START Input records

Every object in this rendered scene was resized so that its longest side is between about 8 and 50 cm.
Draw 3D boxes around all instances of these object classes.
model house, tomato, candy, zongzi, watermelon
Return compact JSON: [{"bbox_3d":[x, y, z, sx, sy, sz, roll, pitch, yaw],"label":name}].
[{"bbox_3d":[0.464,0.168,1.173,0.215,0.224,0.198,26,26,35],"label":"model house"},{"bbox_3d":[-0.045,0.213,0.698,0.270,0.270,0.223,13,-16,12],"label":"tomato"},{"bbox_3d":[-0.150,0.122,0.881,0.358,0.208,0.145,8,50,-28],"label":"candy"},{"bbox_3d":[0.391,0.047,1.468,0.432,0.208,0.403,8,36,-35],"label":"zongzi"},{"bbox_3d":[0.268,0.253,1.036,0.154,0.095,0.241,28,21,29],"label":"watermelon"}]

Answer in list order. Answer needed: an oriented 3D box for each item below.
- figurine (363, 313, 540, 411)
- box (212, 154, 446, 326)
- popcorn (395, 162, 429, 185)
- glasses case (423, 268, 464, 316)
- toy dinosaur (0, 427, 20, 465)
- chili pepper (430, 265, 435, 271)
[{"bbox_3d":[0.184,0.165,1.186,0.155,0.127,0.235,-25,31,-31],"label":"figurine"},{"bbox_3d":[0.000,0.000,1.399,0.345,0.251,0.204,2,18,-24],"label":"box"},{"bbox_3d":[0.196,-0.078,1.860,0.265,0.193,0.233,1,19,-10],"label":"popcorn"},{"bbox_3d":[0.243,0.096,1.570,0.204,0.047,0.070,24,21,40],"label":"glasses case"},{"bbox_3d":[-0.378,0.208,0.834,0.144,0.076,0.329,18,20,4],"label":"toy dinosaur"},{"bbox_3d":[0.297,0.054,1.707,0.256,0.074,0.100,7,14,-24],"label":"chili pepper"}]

END Input records
START Input records

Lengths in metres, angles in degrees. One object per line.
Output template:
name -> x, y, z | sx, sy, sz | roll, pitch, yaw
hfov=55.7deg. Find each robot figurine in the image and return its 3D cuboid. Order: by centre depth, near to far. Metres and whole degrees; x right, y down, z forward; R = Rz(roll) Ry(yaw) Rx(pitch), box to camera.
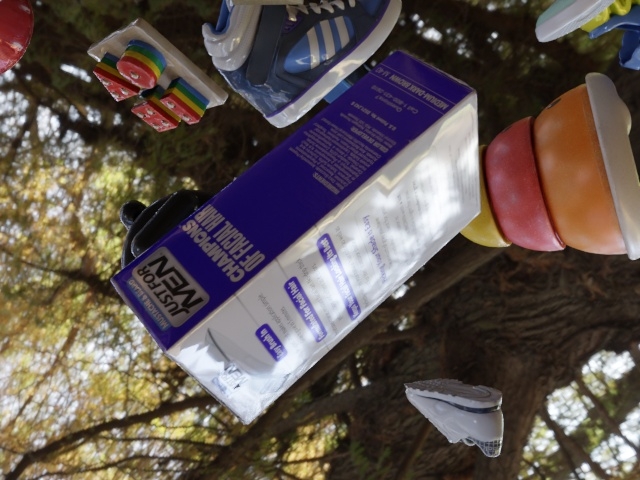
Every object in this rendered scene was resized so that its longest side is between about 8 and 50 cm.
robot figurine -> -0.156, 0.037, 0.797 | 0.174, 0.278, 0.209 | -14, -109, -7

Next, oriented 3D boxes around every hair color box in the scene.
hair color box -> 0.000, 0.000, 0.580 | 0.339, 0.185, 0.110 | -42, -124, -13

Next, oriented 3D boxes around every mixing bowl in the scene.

END Input records
START Input records

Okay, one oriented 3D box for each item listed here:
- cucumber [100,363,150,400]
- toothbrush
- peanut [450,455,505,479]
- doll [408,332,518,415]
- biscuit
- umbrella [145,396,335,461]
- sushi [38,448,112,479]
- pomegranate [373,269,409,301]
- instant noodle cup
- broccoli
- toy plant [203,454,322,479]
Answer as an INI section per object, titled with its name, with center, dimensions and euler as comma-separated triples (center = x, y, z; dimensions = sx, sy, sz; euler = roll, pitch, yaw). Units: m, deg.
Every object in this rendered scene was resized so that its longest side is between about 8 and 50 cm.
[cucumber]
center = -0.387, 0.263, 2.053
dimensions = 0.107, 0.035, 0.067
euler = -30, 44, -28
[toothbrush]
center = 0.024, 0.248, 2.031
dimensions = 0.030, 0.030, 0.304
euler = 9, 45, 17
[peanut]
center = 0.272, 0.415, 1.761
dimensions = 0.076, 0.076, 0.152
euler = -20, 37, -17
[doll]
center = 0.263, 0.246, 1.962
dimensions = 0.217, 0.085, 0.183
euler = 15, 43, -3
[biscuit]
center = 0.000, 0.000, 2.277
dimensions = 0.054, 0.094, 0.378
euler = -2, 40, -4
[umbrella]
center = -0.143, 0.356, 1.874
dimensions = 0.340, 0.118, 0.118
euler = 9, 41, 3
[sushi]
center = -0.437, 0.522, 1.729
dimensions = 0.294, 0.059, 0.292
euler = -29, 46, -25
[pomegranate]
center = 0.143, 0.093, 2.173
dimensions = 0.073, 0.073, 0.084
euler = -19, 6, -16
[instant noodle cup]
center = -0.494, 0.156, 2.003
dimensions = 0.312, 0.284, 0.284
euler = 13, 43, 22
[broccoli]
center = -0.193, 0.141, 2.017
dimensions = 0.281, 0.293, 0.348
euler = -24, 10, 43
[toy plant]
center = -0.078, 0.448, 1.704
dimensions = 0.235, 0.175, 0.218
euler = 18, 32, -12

END Input records

The task: List every line above that holds the word "Answer".

Your solution:
Answer in list order. Answer needed: an oriented 3D box for each item below.
Answer as an INI section per object, titled with its name, with center, dimensions and euler as comma-separated triples (center = x, y, z; dimensions = sx, sy, sz; euler = roll, pitch, yaw). Units: m, deg.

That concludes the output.